*** Dataset records Section Begins ***
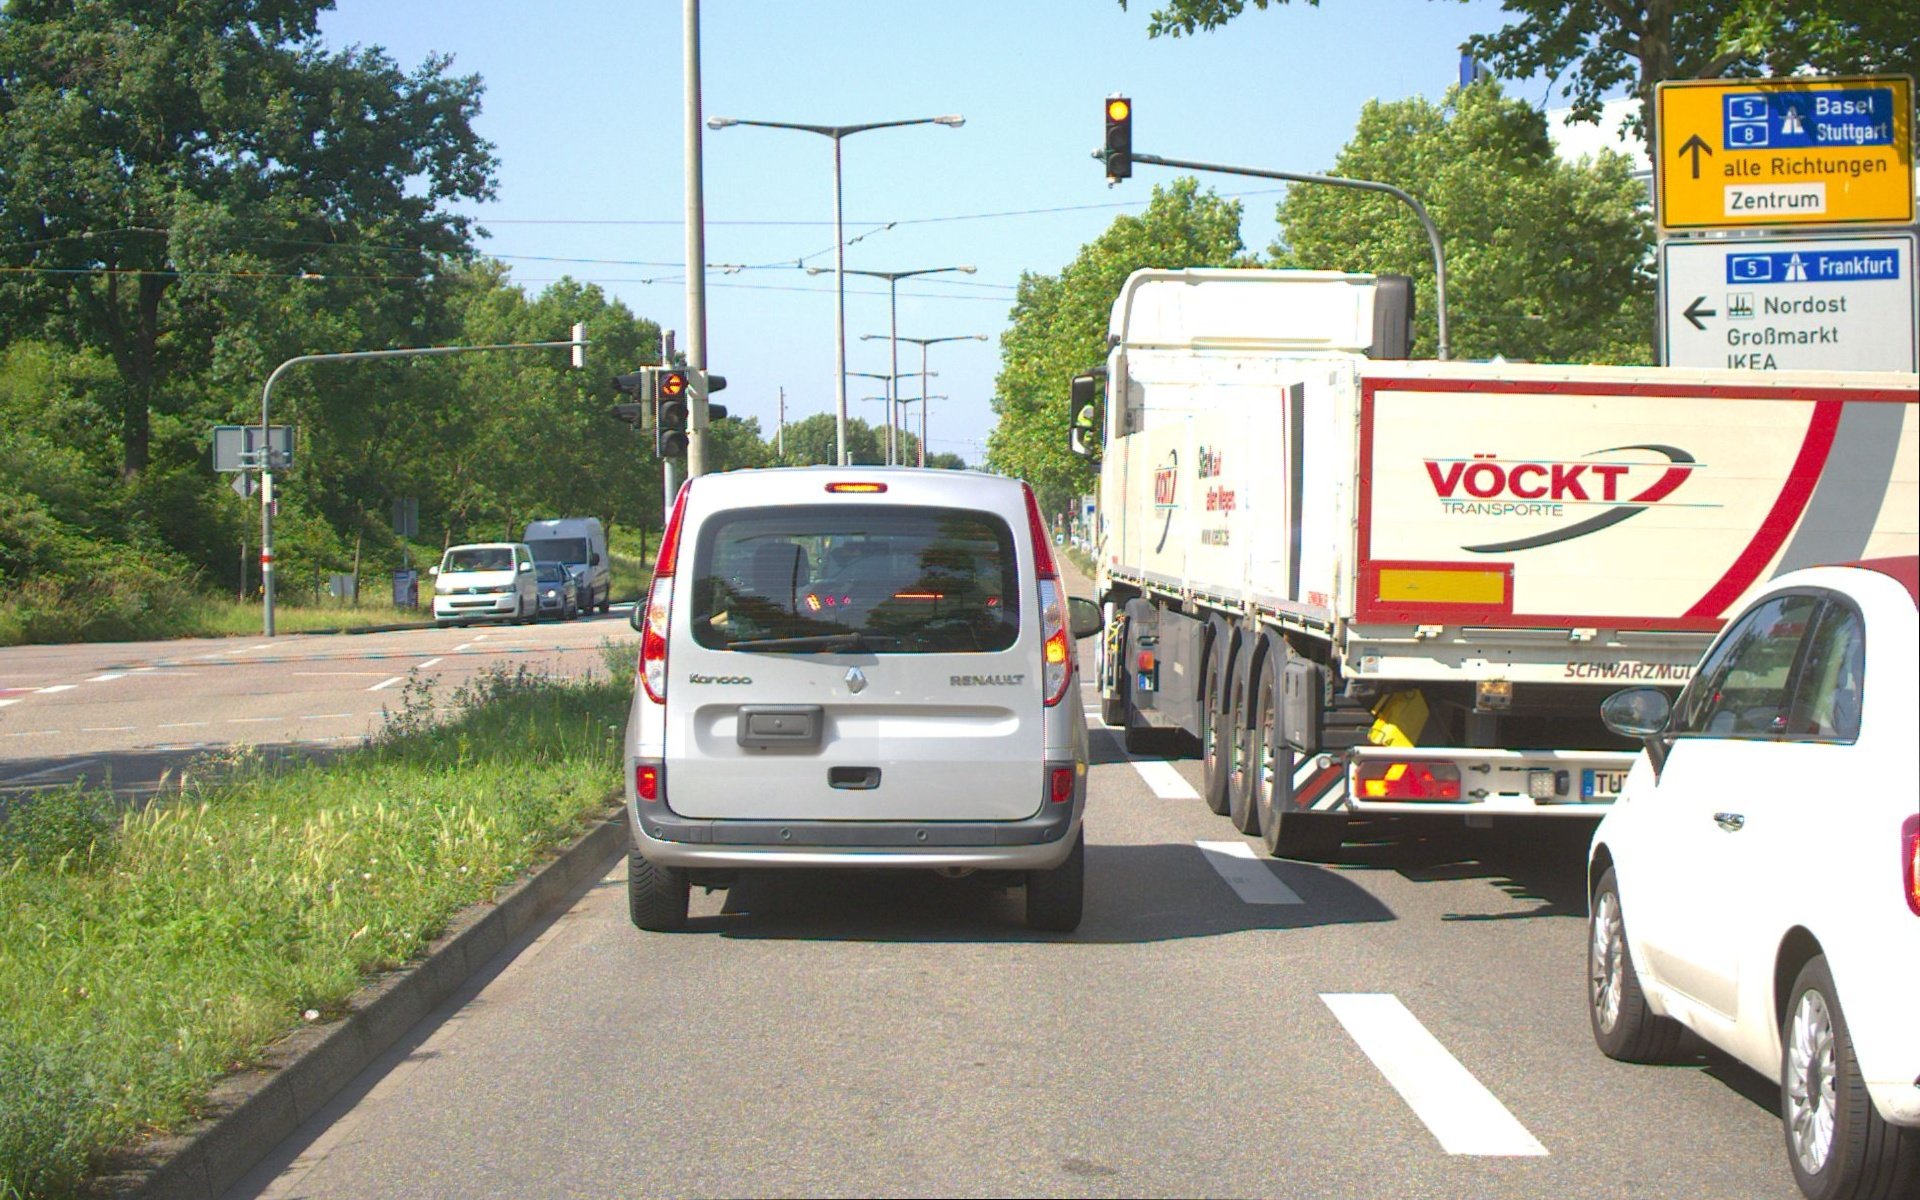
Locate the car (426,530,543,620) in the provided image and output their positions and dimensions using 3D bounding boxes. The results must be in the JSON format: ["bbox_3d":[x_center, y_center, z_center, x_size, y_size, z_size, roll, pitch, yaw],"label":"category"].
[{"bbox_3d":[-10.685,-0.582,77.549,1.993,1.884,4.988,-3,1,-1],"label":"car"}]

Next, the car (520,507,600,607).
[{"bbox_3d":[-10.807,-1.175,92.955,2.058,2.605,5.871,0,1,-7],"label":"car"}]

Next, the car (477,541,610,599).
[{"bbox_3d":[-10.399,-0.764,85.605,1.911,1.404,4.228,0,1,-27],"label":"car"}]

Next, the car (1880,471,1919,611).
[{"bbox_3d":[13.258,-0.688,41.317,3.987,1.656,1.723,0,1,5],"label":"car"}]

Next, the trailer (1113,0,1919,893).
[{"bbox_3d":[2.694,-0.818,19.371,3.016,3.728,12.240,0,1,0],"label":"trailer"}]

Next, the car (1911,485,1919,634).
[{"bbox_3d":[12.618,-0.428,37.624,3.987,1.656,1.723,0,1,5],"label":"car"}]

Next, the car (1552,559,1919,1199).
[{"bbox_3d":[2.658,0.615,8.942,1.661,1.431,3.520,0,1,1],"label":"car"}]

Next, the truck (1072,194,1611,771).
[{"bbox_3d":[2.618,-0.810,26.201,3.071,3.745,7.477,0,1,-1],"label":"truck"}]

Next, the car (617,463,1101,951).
*** Dataset records Section Ends ***
Description of the task:
Once the pictures are set aside, write out each record exactly.

Response:
Locate the car (426,530,543,620) in the provided image and output their positions and dimensions using 3D bounding boxes. The results must be in the JSON format: ["bbox_3d":[x_center, y_center, z_center, x_size, y_size, z_size, roll, pitch, yaw],"label":"category"].
[{"bbox_3d":[-10.685,-0.582,77.549,1.993,1.884,4.988,-3,1,-1],"label":"car"}]

Next, the car (520,507,600,607).
[{"bbox_3d":[-10.807,-1.175,92.955,2.058,2.605,5.871,0,1,-7],"label":"car"}]

Next, the car (477,541,610,599).
[{"bbox_3d":[-10.399,-0.764,85.605,1.911,1.404,4.228,0,1,-27],"label":"car"}]

Next, the car (1880,471,1919,611).
[{"bbox_3d":[13.258,-0.688,41.317,3.987,1.656,1.723,0,1,5],"label":"car"}]

Next, the trailer (1113,0,1919,893).
[{"bbox_3d":[2.694,-0.818,19.371,3.016,3.728,12.240,0,1,0],"label":"trailer"}]

Next, the car (1911,485,1919,634).
[{"bbox_3d":[12.618,-0.428,37.624,3.987,1.656,1.723,0,1,5],"label":"car"}]

Next, the car (1552,559,1919,1199).
[{"bbox_3d":[2.658,0.615,8.942,1.661,1.431,3.520,0,1,1],"label":"car"}]

Next, the truck (1072,194,1611,771).
[{"bbox_3d":[2.618,-0.810,26.201,3.071,3.745,7.477,0,1,-1],"label":"truck"}]

Next, the car (617,463,1101,951).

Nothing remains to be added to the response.